As Bungie’s storied online shooter completes its first decade, we look back on an odd game that has always been worth talking about – and ask why it’s like Marks & Spencer
Destiny is 10 years old, which is an aeon in video game terms. It’s also one of the most fascinating games of the last decade, sometimes for unlikely reasons. On the surface, this is a lavish online prog-rock space shooter made by Bungie, the creators of the Xbox classic Halo. You bundle together with friends, deploy somewhere amid the glittering vistas of a futuristic version of our solar system, and then shoot people/aliens/robots to get better loot.

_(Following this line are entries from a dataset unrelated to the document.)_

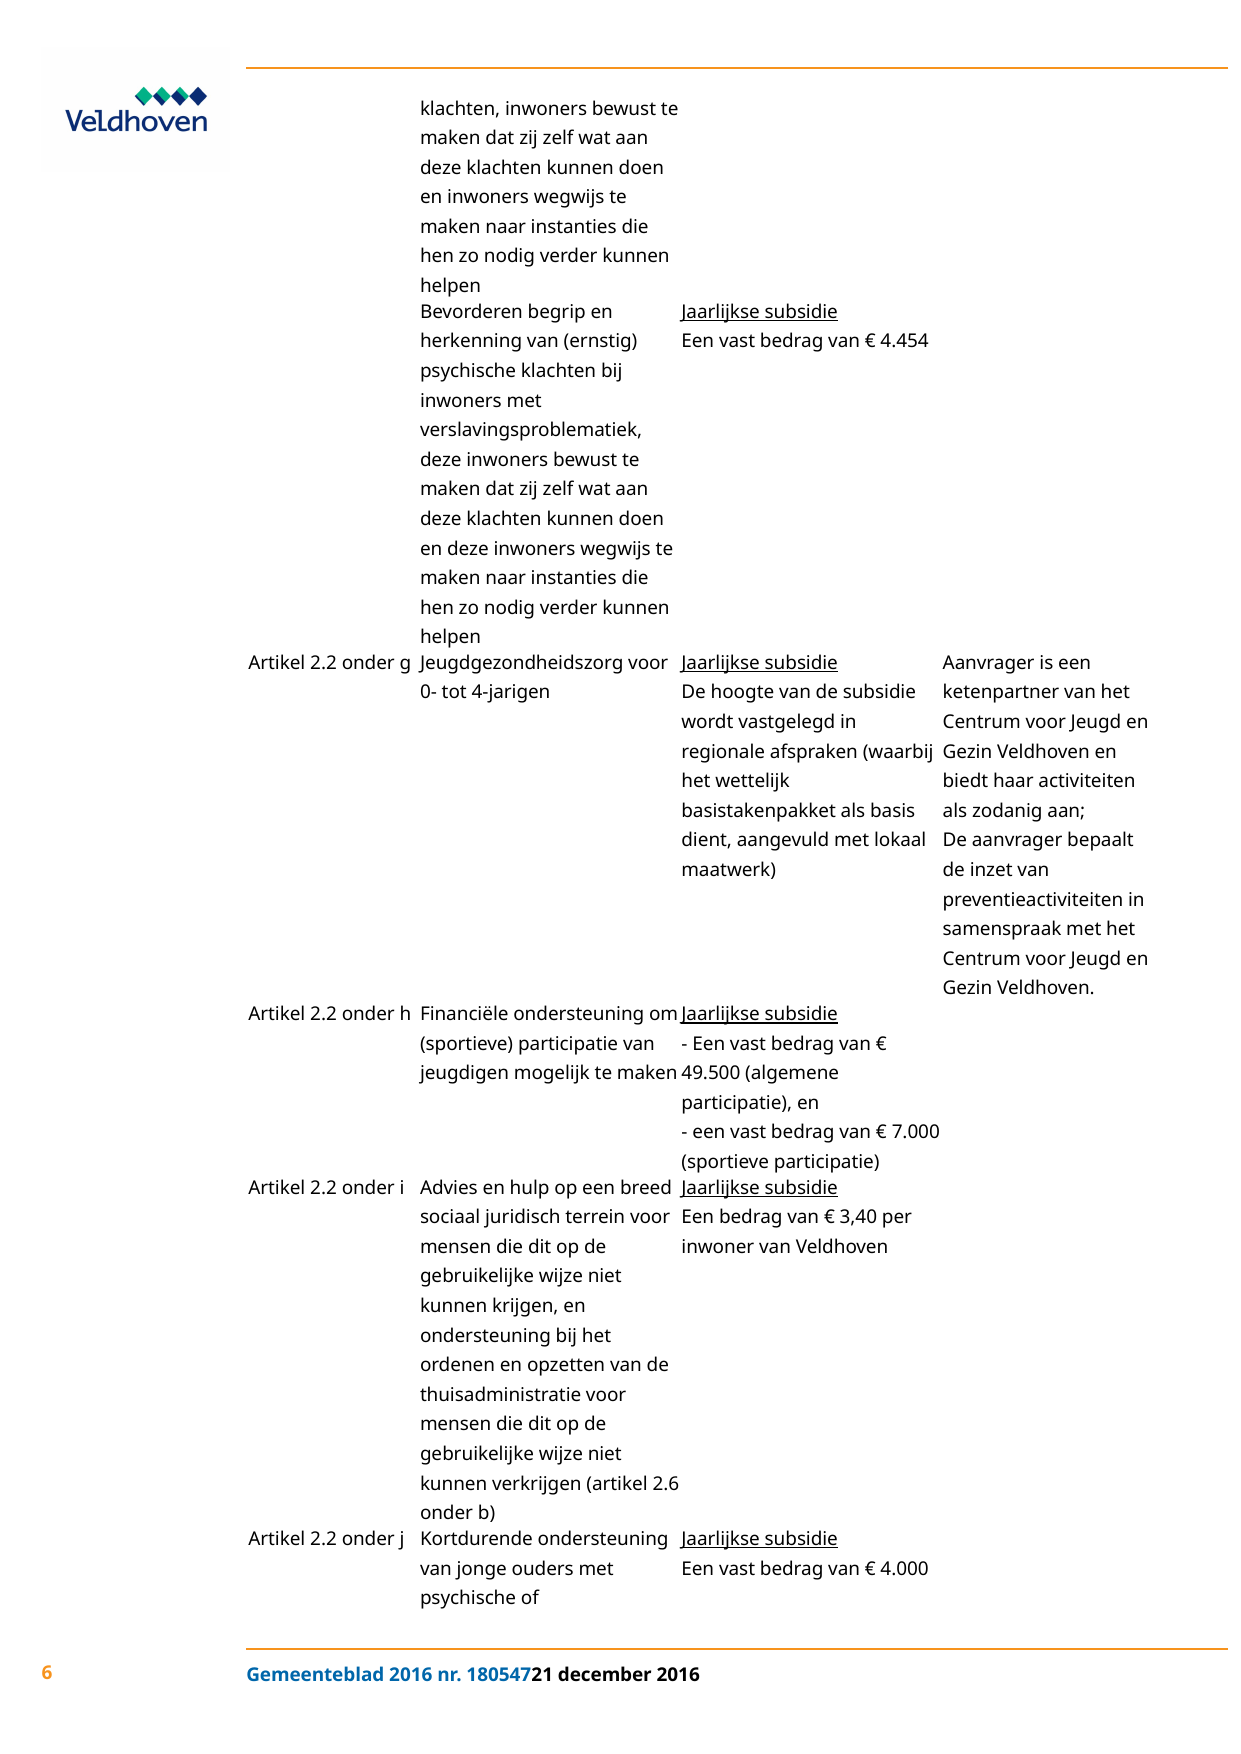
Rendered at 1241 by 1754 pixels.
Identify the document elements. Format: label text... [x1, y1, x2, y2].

table_cell Artikel 2.2 onder g [248, 649, 420, 1000]
table_cell [943, 1525, 1152, 1610]
table_cell [943, 1000, 1152, 1174]
table_cell Artikel 2.2 onder h [248, 1000, 420, 1174]
table_cell Financiële ondersteuning om (sportieve) participatie van jeugdigen mogelijk te maken [420, 1000, 681, 1174]
table_cell [943, 1174, 1152, 1525]
table_cell Jaarlijkse subsidie Een bedrag van € 3,40 per inwoner van Veldhoven [681, 1174, 942, 1525]
table_cell Kortdurende ondersteuning van jonge ouders met psychische of [420, 1525, 681, 1610]
table_cell Jaarlijkse subsidie Een vast bedrag van € 4.454 [681, 298, 942, 649]
table_cell Advies en hulp op een breed sociaal juridisch terrein voor mensen die dit op de gebruikelijke wijze niet kunnen krijgen, en ondersteuning bij het ordenen en opzetten van de thuisadministratie voor mensen die dit op de gebruikelijke wijze niet kunnen verkrijgen (artikel 2.6 onder b) [420, 1174, 681, 1525]
table_cell Bevorderen begrip en herkenning van (ernstig) psychische klachten bij inwoners met verslavingsproblematiek, deze inwoners bewust te maken dat zij zelf wat aan deze klachten kunnen doen en deze inwoners wegwijs te maken naar instanties die hen zo nodig verder kunnen helpen [420, 298, 681, 649]
table_cell klachten, inwoners bewust te maken dat zij zelf wat aan deze klachten kunnen doen en inwoners wegwijs te maken naar instanties die hen zo nodig verder kunnen helpen [420, 95, 681, 298]
table_cell [248, 95, 420, 298]
table_cell Jaarlijkse subsidie Een vast bedrag van € 4.000 [681, 1525, 942, 1610]
table_cell Artikel 2.2 onder i [248, 1174, 420, 1525]
table_cell [681, 95, 942, 298]
table_cell [943, 95, 1152, 298]
table_cell Aanvrager is een ketenpartner van het Centrum voor Jeugd en Gezin Veldhoven en biedt haar activiteiten als zodanig aan; De aanvrager bepaalt de inzet van preventieactiviteiten in samenspraak met het Centrum voor Jeugd en Gezin Veldhoven. [943, 649, 1152, 1000]
table_cell [943, 298, 1152, 649]
table_cell [248, 298, 420, 649]
table_cell Jeugdgezondheidszorg voor 0- tot 4-jarigen [420, 649, 681, 1000]
picture [41, 47, 231, 172]
table_cell Artikel 2.2 onder j [248, 1525, 420, 1610]
table_cell Jaarlijkse subsidie De hoogte van de subsidie wordt vastgelegd in regionale afspraken (waarbij het wettelijk basistakenpakket als basis dient, aangevuld met lokaal maatwerk) [681, 649, 942, 1000]
table_cell Jaarlijkse subsidie - Een vast bedrag van € 49.500 (algemene participatie), en - een vast bedrag van € 7.000 (sportieve participatie) [681, 1000, 942, 1174]
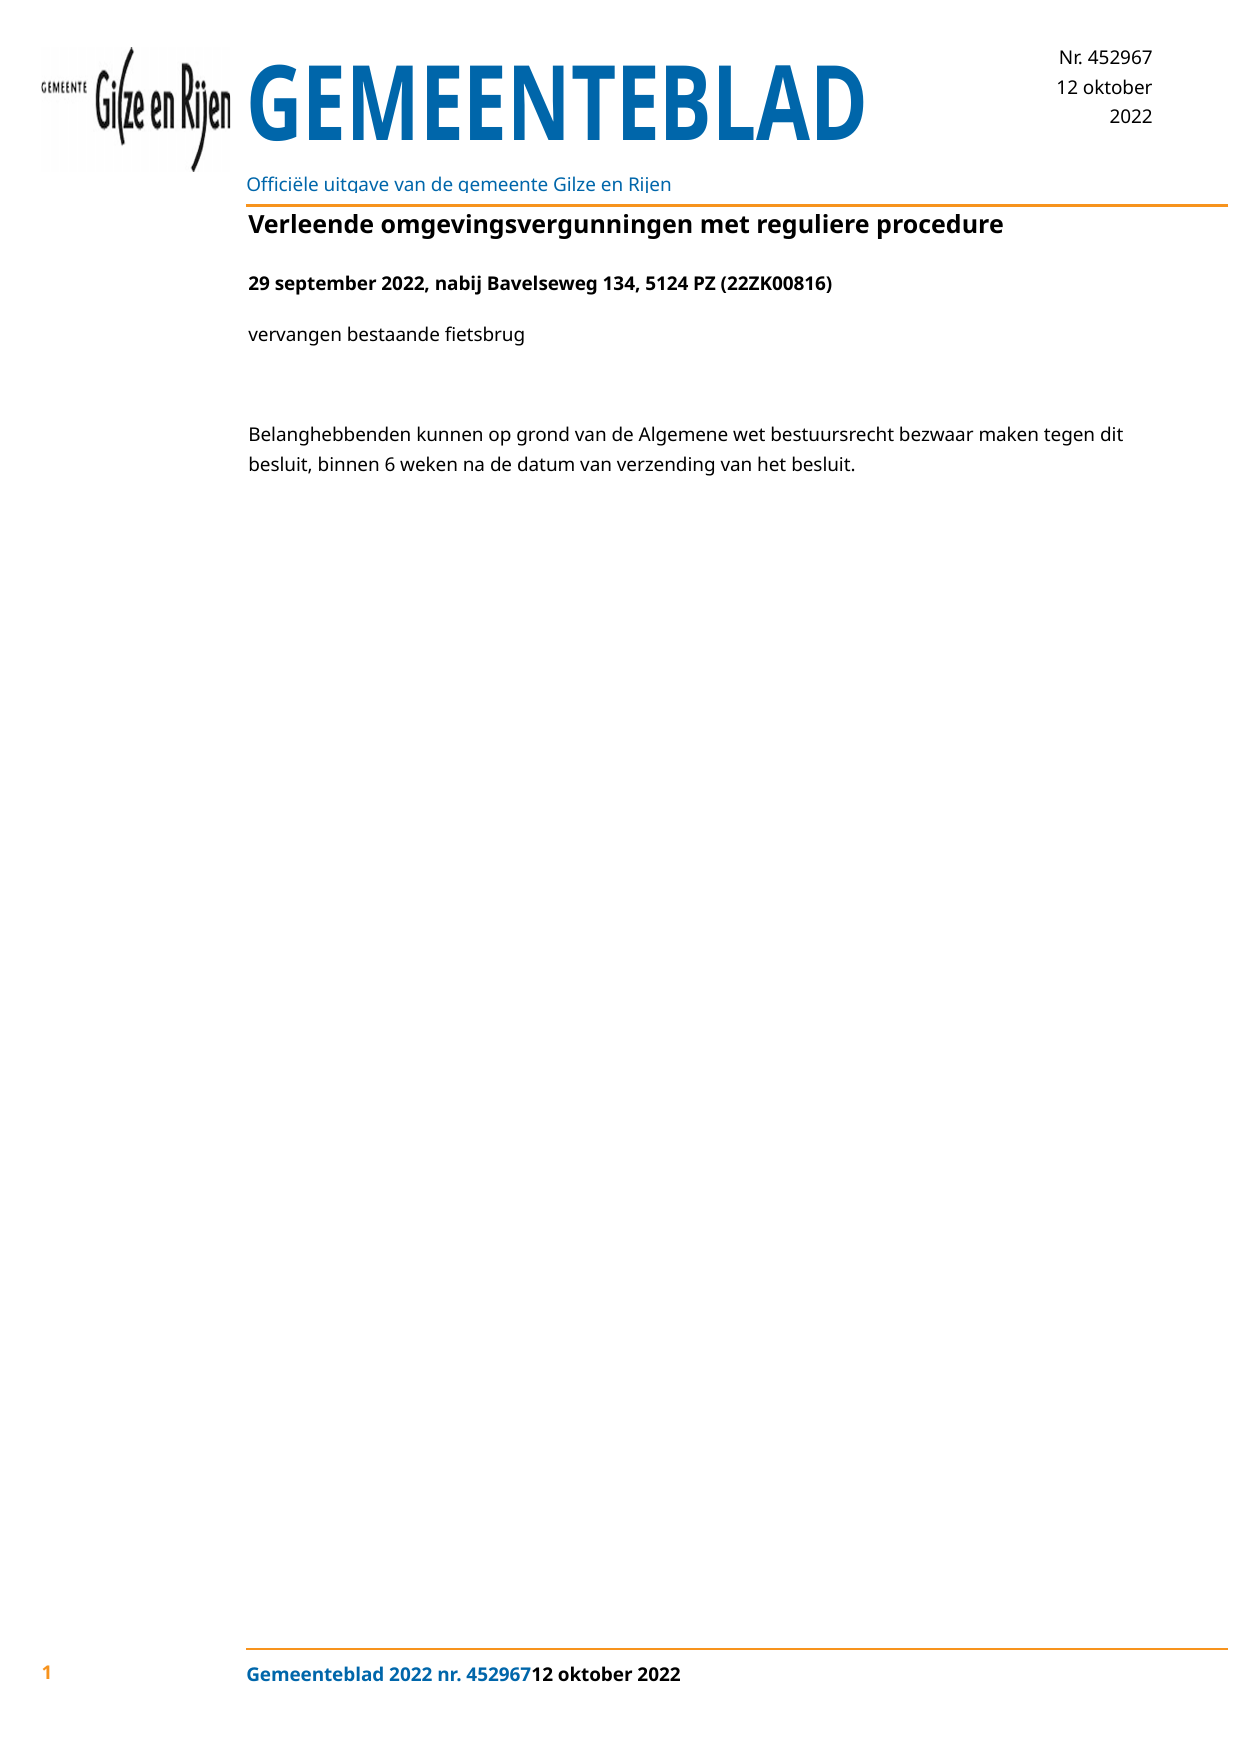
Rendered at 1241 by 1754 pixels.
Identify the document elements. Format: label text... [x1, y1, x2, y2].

text vervangen bestaande fietsbrug [248, 321, 1152, 346]
text 29 september 2022, nabij Bavelseweg 134, 5124 PZ (22ZK00816) [248, 270, 1152, 296]
text Belanghebbenden kunnen op grond van de Algemene wet bestuursrecht bezwaar maken tegen dit besluit, binnen 6 weken na de datum van verzending van het besluit. [248, 422, 1152, 477]
text Verleende omgevingsvergunningen met reguliere procedure [248, 207, 1152, 241]
picture [41, 47, 231, 172]

None of this is exactly unprecedented, and that’s maybe the point. You could argue that Destiny’s touchstones are games like Halo, for its gunplay, World of Warcraft, for its persistent online spaces, and – this is where it gets a bit odd, granted – the deathless British retailer Marks & Spencer. This last point is because, above all else, Destiny is a game of fluctuating fortunes, and those fortunes seem to fascinate everyone close to video games, regardless of whether they actually play Destiny or not. Just as a lot of people in the UK seem to have a secret sense for whether M&S is currently on an upward or downward trajectory – there is no middle ground – everyone in games knows whether Destiny is in boom or bust mode. Is it now better than it’s been in ages? Or is it a shadow of the game it was two, five, seven years back? Destiny is our ever-reliable topic of fretful conversation.